O espetáculo começou quando as luzes se apagaram diante de heterogêneas cinco mil pessoas, ou quase isso. Alice entrou no palco vestido de aranha ao som de The Black Widow, ou A Viúva Negra em português. A audiência foi mais modesta e tranquila do que em sua primeira visita à São Paulo, em 1974, quando se apresentou no Anhembi para cerca de cem mil pessoas. Na ocasião, a polícia precisou conter a multidão. Mas no Credicard Hall a “confusão” foi apenas no palco, acompanhada de vários clássicos do artista.

Ao longo do espetáculo, os elementos cênicos vinham a reboque das músicas. Em Feed My Frankstein, uma máquina explode no palco e então surge uma espécie de “boneco de Olinda” com a cara de Alice travestido de Frankstein, algo mais próximo do trash do que do assustador. Como de costume, houve também a encenação da decapitação de Alice, ao som de I Love The Dead. Uma das músicas poderia ser até romântica, fala de amor bandido e de uma mulher que apanha do marido – Only Women Bleed. Enquanto cantava essa música, Alice com seus 63 anos dançava, brincava com uma boneca de plástico. Na música seguinte fez cara de mau e a chutou.
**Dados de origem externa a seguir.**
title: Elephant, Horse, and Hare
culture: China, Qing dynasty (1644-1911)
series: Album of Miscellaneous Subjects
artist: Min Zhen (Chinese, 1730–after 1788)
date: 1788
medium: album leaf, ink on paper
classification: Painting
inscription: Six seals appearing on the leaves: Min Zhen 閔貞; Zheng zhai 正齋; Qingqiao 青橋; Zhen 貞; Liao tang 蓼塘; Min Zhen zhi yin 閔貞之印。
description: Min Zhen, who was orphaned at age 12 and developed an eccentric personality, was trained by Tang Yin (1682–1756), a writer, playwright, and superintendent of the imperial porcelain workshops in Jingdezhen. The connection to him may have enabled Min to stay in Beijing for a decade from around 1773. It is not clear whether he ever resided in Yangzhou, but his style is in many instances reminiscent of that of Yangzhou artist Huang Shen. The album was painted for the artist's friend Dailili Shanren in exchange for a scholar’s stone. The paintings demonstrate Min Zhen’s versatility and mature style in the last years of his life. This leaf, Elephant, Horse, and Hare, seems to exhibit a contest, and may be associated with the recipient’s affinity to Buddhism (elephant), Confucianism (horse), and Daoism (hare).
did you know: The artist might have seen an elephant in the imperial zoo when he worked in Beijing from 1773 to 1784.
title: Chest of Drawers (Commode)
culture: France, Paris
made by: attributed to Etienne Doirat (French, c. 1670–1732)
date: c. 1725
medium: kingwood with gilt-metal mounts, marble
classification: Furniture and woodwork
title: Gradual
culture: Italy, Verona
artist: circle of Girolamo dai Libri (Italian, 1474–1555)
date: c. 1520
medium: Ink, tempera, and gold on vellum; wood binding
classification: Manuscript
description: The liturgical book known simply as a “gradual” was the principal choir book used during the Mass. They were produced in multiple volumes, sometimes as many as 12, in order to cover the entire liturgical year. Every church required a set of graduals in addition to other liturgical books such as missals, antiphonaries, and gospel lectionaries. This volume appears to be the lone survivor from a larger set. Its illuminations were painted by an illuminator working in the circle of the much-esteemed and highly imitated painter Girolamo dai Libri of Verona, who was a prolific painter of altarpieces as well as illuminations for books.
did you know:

Brincadeira ou não, é curioso pensar como esse espetáculo da violência sobrevive ainda hoje. Talvez não sobreviva tão bem, o que poderia ser uma explicação da redução do público de Cooper. Segundo o vocalista e compositor, em entrevista ao jornal Zero Hora, as bandas de rock’n’roll de hoje parecem ter medo de fazer um rock mais forte e isso, segundo o vocalista, teria a ver com e tendência do politicamente correto.

Freud não explica

Para Gustavo Henrique Dionisio, mestre e doutor em psicologia pelo Instituto de Psicologia da USP e professor da Unesp – Assis: “a marca registrada de Alice Cooper em seus shows, a utilização de pedaços de corpos, membros despedaçados ou mutilações não é um procedimento muito novo na história da arte e da cultura”. Recorrendo ao texto do psicanalista Jacques Lacan, que discorre sobre o “Estádio do Espelho”, fase em que, entre outras coisas, a criança experimenta seu corpo como um todo despedaçado, Gustavo busca compreender a atração que espetáculos como o de Alice exercem.

O professor sugere que o espetáculo de mutilação oferecido por Cooper, além de estar relacionado ao aspecto traumático da fragmentação moderna, vai na direção de exercer uma espécie de sedução parecida, embora não idêntica, à que acontece naquela fase. “Ao olhar para a imagem em pedaços, o espectador acabaria testemunhando uma vitória inconsciente de seu ‘eu’ como algo inteiro, algo que atestaria sua unidade, ainda que ela seja imaginária e daí viria a atração que o procedimento provoca na cultura pop”, completa. Gustavo justifica dizendo que os filmes de horror nunca deixaram de lotar as salas de cinema.